Decentralized Multi-Agent Active Search and Tracking when Targets Outnumber Agents
Arundhati Banerjee, Jeff Schneider
TL;DR
This work tackles decentralized, asynchronous multi-agent active search and tracking when targets outnumber agents and no central controller is available. It introduces DecSTER, which fuses a sequential Monte Carlo implementation of the PHD filter with Thompson sampling to drive explore-exploit decisions in a continuous search space.
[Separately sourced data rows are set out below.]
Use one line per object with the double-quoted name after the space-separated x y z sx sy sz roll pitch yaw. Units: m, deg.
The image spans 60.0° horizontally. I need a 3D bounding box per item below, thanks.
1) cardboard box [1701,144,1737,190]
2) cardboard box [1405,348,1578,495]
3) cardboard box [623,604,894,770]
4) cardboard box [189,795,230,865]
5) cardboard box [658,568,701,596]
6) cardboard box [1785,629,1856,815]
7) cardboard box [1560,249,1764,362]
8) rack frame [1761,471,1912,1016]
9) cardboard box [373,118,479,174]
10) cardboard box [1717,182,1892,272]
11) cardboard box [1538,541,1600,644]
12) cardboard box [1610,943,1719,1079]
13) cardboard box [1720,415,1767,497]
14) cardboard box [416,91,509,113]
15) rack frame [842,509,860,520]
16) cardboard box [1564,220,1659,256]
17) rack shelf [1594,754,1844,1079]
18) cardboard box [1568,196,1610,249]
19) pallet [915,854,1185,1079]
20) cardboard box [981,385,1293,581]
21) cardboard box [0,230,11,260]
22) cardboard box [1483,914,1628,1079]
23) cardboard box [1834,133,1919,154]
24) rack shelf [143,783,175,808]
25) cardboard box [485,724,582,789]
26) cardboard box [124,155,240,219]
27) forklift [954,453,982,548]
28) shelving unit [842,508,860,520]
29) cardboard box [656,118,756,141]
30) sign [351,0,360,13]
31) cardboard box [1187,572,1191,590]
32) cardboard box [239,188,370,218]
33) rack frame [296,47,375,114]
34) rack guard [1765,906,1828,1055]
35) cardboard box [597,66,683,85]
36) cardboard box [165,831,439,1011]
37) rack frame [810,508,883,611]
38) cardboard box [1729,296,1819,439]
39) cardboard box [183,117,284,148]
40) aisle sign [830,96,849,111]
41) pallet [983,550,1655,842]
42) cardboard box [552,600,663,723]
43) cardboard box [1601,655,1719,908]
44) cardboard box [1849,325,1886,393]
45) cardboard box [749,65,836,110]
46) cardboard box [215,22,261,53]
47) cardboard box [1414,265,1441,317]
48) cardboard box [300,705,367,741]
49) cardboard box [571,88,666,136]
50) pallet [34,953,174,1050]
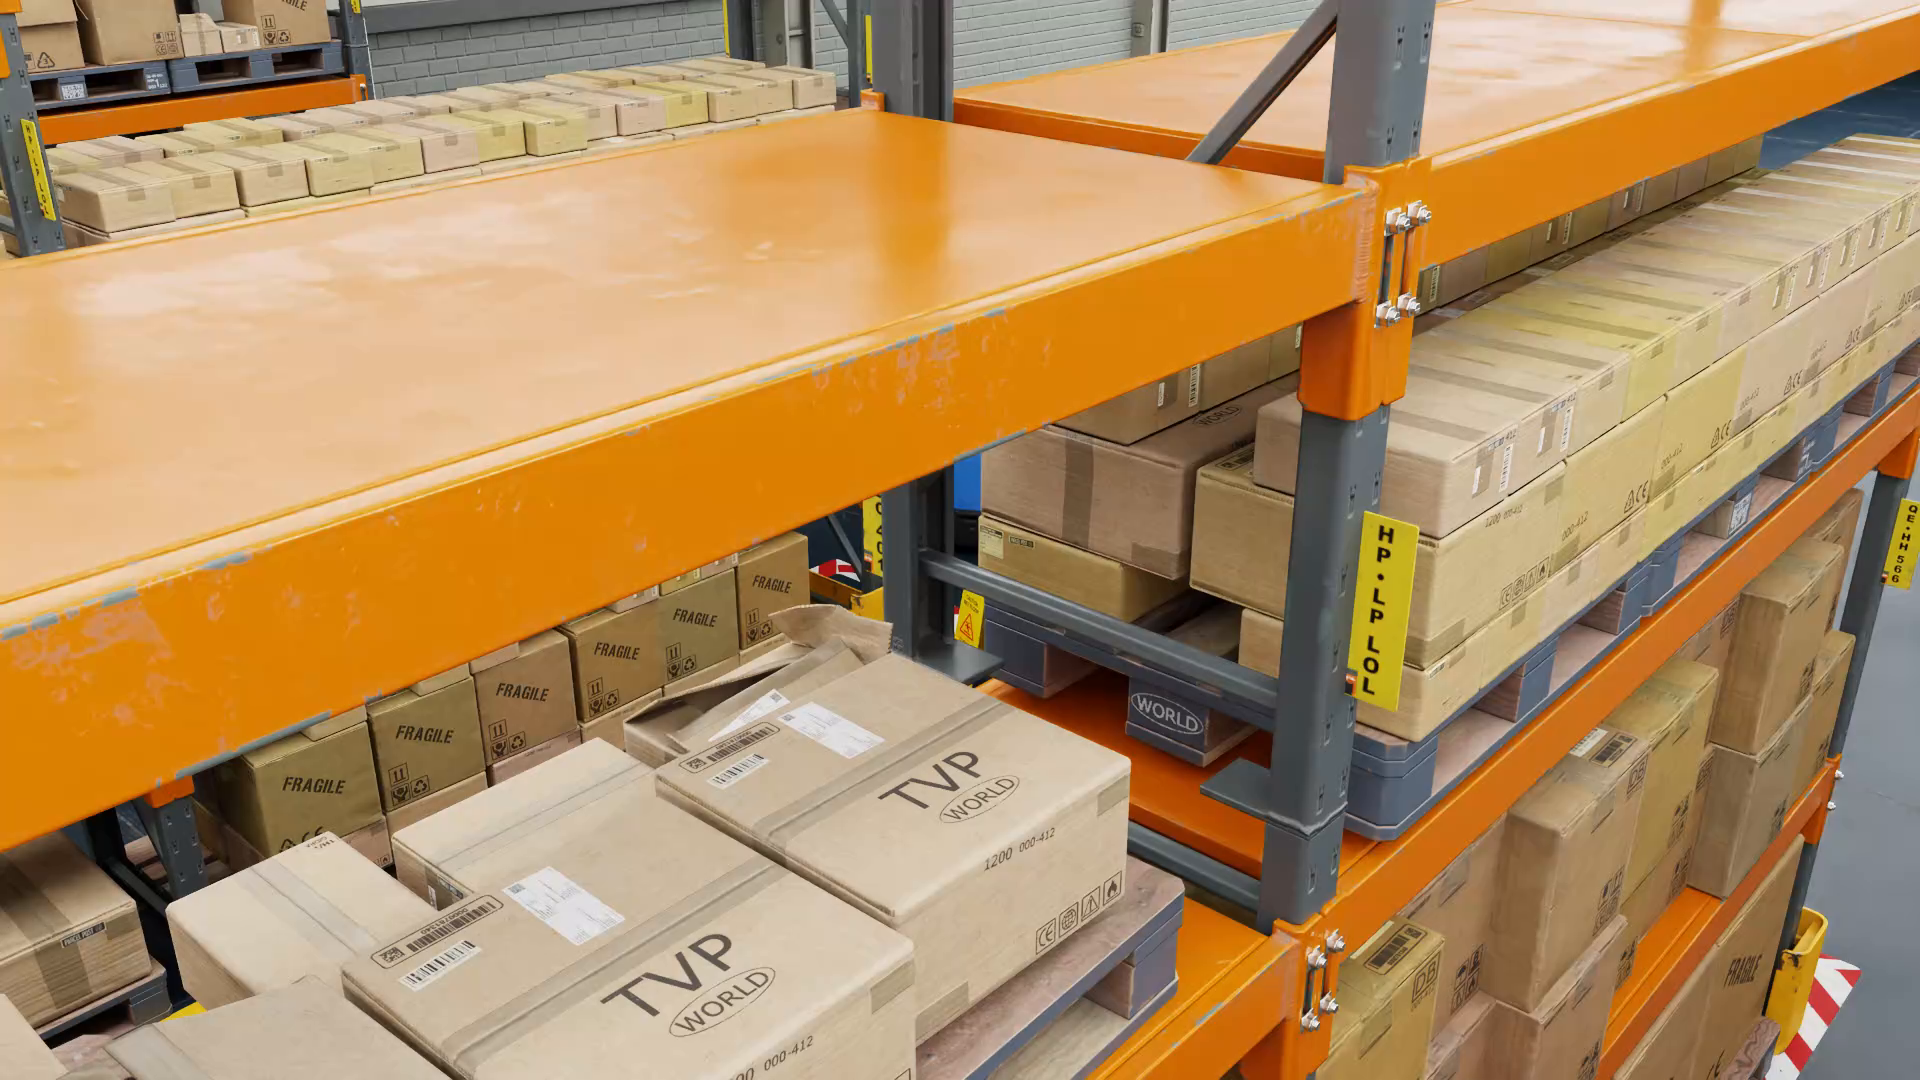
2.297 -1.265 5.435 0.380 0.149 0.250 20 31 38 "cardboard box"
0.921 -0.233 3.134 0.380 0.149 0.250 20 31 37 "cardboard box"
-0.334 0.289 2.801 0.258 0.266 0.396 20 31 37 "cardboard box"
-3.304 1.207 7.739 0.500 0.250 0.500 22 32 40 "cardboard box"
-1.534 0.125 8.443 0.380 0.149 0.250 21 31 38 "cardboard box"
2.711 0.557 6.159 0.875 0.550 0.550 20 31 38 "cardboard box"
1.600 -0.543 3.826 0.380 0.149 0.250 20 31 37 "cardboard box"
2.925 0.500 6.469 1.000 3.000 0.127 20 31 38 "rack frame"
-2.217 -1.639 6.905 0.380 0.149 0.250 20 31 37 "cardboard box"
2.275 -0.852 4.513 0.380 0.149 0.250 20 31 38 "cardboard box"
1.090 0.054 3.469 0.380 0.149 0.250 20 31 37 "cardboard box"
1.936 1.771 5.718 0.875 0.875 0.875 20 31 37 "cardboard box"
1.766 -0.255 4.157 0.380 0.149 0.250 21 31 38 "cardboard box"
-2.257 -1.932 7.558 0.380 0.149 0.250 21 32 39 "cardboard box"
-0.712 -0.534 11.340 0.240 0.900 0.006 14 28 28 "rack frame"
1.737 -0.788 4.859 0.500 0.250 0.500 20 31 37 "cardboard box"
1.590 1.437 5.258 1.077 0.370 4.000 20 31 38 "rack shelf"
1.616 -0.954 4.742 0.380 0.149 0.250 20 31 37 "cardboard box"
-0.320 0.730 2.524 0.805 0.209 1.217 19 30 36 "pallet"
0.393 -0.175 3.492 0.500 0.250 0.500 20 31 37 "cardboard box"
-5.963 -1.864 10.463 0.380 0.149 0.250 20 31 37 "cardboard box"
1.291 1.228 4.661 0.875 0.550 0.550 20 31 38 "cardboard box"
2.953 -1.160 5.202 0.380 0.149 0.250 21 31 38 "cardboard box"
-4.833 1.335 5.485 1.077 0.370 4.000 20 31 38 "rack shelf"
-2.204 1.026 8.142 0.500 0.250 0.500 20 31 37 "cardboard box"
-2.893 -1.315 6.181 0.380 0.149 0.250 21 32 39 "cardboard box"
1.067 -1.363 10.707 3.031 2.935 1.130 6 25 13 "forklift"
-0.660 -0.569 11.420 0.258 0.900 0.210 14 28 28 "shelving unit"
-1.316 -1.878 7.927 0.500 0.250 0.500 20 31 37 "cardboard box"
-4.133 -3.760 11.317 0.100 0.325 0.005 20 31 38 "sign"
0.428 -0.048 3.696 0.380 0.149 0.250 21 31 38 "cardboard box"
-2.664 -1.258 6.542 0.500 0.250 0.500 20 31 37 "cardboard box"
-4.528 -2.175 12.436 1.000 3.000 0.127 20 31 38 "rack frame"
2.941 1.633 6.997 1.175 0.500 0.348 20 31 38 "rack guard"
-1.587 -2.246 8.259 0.380 0.149 0.250 20 31 37 "cardboard box"
-0.874 0.583 2.289 0.380 0.149 0.250 20 31 38 "cardboard box"
-0.829 -0.821 9.415 1.000 3.000 0.127 20 31 38 "rack frame"
1.799 -0.490 4.194 0.500 0.250 0.500 20 31 38 "cardboard box"
-3.017 -1.647 6.922 0.380 0.149 0.250 21 32 39 "cardboard box"
-0.572 -1.947 8.749 0.394 0.787 0.004 20 31 38 "aisle sign"
0.809 0.144 3.705 1.003 0.211 1.213 20 31 38 "pallet"
-1.857 0.527 8.340 0.500 0.500 0.500 19 31 36 "cardboard box"
1.618 0.564 4.822 0.875 0.550 0.500 20 31 38 "cardboard box"
2.447 -0.566 4.851 0.380 0.149 0.250 21 31 38 "cardboard box"
-0.835 -2.256 8.280 0.380 0.149 0.250 21 31 38 "cardboard box"
-4.855 -3.331 11.019 0.380 0.149 0.250 19 30 36 "cardboard box"
0.937 -0.644 4.051 0.380 0.149 0.250 20 31 38 "cardboard box"
-2.776 0.695 7.173 0.380 0.149 0.250 21 31 38 "cardboard box"
-1.568 -1.969 7.641 0.380 0.149 0.250 20 31 38 "cardboard box"
-4.017 1.907 6.738 1.003 0.211 1.213 20 31 38 "pallet"

Empirical results show that TS-PHD-II, which samples target cardinality from a Poisson distribution and locations from a mixture, achieves superior $OSPA$ performance across varying team sizes and target counts and remains robust to communication delays. The approach advances practical, scalable multi-agent search-and-track under uncertainty and lays groundwork for real-world deployments on autonomous systems.
Abstract
Multi-agent multi-target tracking has a wide range of applications, including wildlife patrolling, security surveillance or environment monitoring. Such algorithms often make restrictive assumptions: the number of targets and/or their initial locations may be assumed known, or agents may be pre-assigned to monitor disjoint partitions of the environment, reducing the burden of exploration. This also limits applicability when there are fewer agents than targets, since agents are unable to continuously follow the targets in their fields of view. Multi-agent tracking algorithms additionally assume inter-agent synchronization of observations, or the presence of a central controller to coordinate joint actions. Instead, we focus on the setting of decentralized multi-agent, multi-target, simultaneous active search-and-tracking with asynchronous inter-agent communication. Our proposed algorithm DecSTER uses a sequential monte carlo implementation of the probability hypothesis density filter for posterior inference combined with Thompson sampling for decentralized multi-agent decision making. We compare different action selection policies, focusing on scenarios where targets outnumber agents. In simulation, we demonstrate that DecSTER is robust to unreliable inter-agent communication and outperforms information-greedy baselines in terms of the Optimal Sub-Pattern Assignment (OSPA) metric for different numbers of targets and varying teamsizes.